Con HERE, RBSN firma il lavoro più maturo e intimo della sua carriera: un disco che non descrive un luogo fisico, ma una mappa emotiva fatta di presenza, connessione e scoperta di sé. Tra live che diventano rituali, equilibrio tra luce e oscurità, comunità in costruzione e nuovi sensi di responsabilità personale, RBSN racconta un progetto che nasce da una perdita e si compie in una rinascita. Un viaggio interiore che attraversa fragilità, consapevolezze e un suono che abbraccia, accoglie e trasforma.
Un dialogo sul significato di “esserci davvero”, sulla maturità emotiva e sonora raggiunta con HERE, sul rapporto con la propria comunità e su come un album possa diventare un percorso di crescita interiore.
INTERVISTA — RBSN
In “HERE” parli di una mappa emotiva più che di un luogo fisico: cosa significa per te “esserci davvero”, oggi, dentro la musica e dentro te stesso?
Credo che il momento di assoluto presente sia un sottotesto di HERE, ma soprattutto adesso questo “momento” è il live. Sia da un punto di vista tecnico, quindi un luogo in cui lasciarsi andare, sia per una connessione più spirituale, più presente e meno analitica con la musica.
Il disco alterna luce e oscurità, introspezione e groove: quanto è stato necessario perderti per arrivare a questa nuova maturità sonora e personale?
Quanto? Completamente. Ci sono molte esperienze dentro al disco, sia professionali che non, che al tempo magari mi sembravano insormontabili. Poi le ho messe in una canzone. Ritrovarsi e fare una scelta — di suono o personale — è il modo per capire ed affermare la propria maturità.

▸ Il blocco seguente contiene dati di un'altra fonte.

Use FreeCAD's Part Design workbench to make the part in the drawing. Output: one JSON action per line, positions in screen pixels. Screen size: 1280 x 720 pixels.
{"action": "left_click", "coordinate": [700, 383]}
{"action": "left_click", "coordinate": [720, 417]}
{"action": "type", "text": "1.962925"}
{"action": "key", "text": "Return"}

Dici che HERE è un segnale lanciato per costruire una community: che tipo di connessione sogni con chi si riconoscerà in questo universo sonoro?
Ho pensato a questa domanda a più riprese e si stanno manifestando, con l’uscita del disco, amici ed estranei con la loro lettura dei brani: è bellissimo. Il fatto che la sua eco sia così personale mi rende molto felice.

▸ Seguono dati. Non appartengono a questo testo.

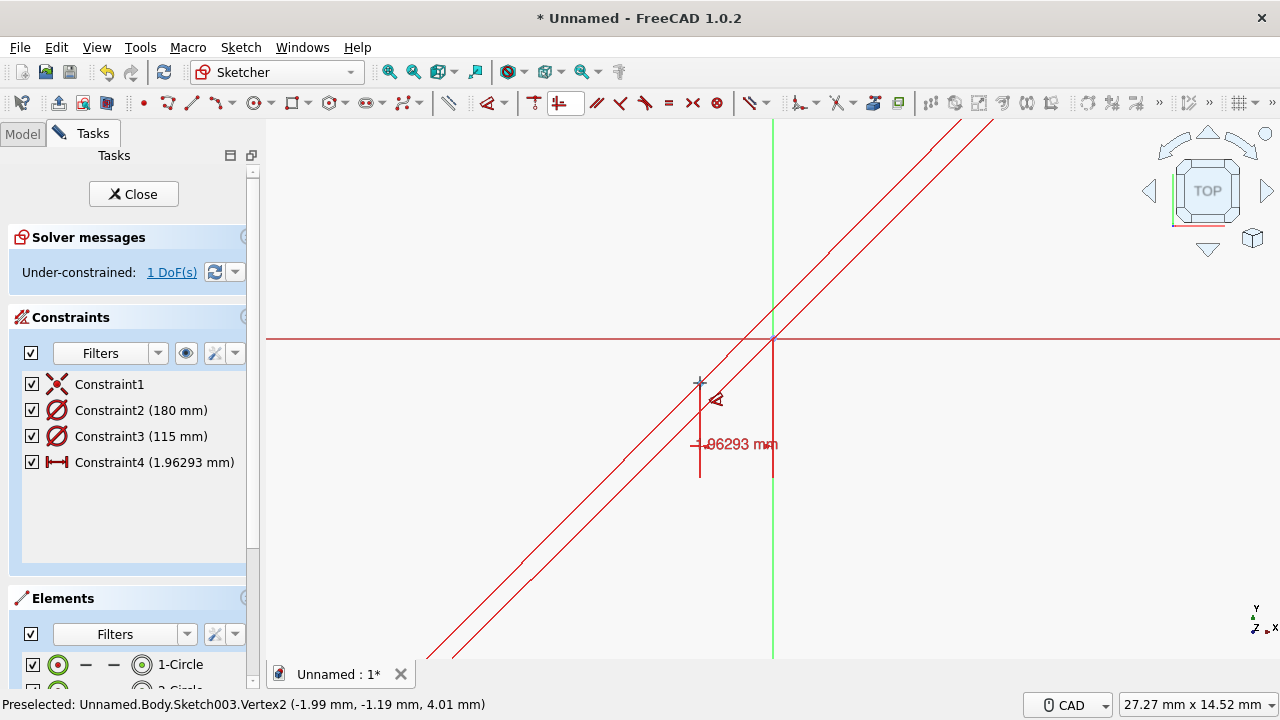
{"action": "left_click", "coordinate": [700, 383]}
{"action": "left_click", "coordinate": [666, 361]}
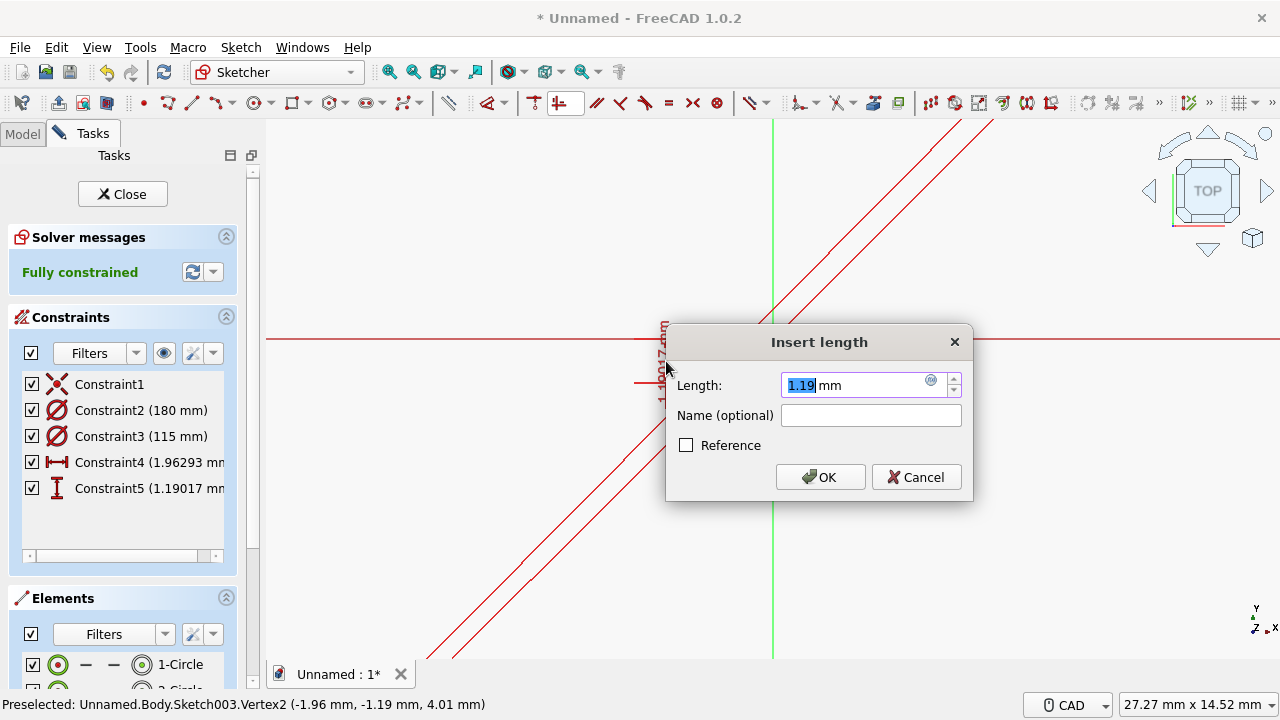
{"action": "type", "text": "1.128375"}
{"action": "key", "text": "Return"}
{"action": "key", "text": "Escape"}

L’altra cosa che ho pensato è che vorrei riunire chi è incuriosito da questo mondo sonoro in un luogo tipo studio, per un’esperienza speciale. Chissà che in futuro non si faccia un live in uno studio particolarmente adatto in Italia…
Se questo album fosse un viaggio interiore, quale parte di te senti di aver scoperto per la prima volta proprio durante la sua creazione?
Devo dire che questo album è proprio un viaggio interiore. Con HERE mi sono molto responsabilizzato: ho scoperto un nuovo senso di protezione e di grazia, ho familiarizzato col tema della morte e del lasciare andare, dell’incontro e della costruzione. Una grande porzione di crescita, insomma.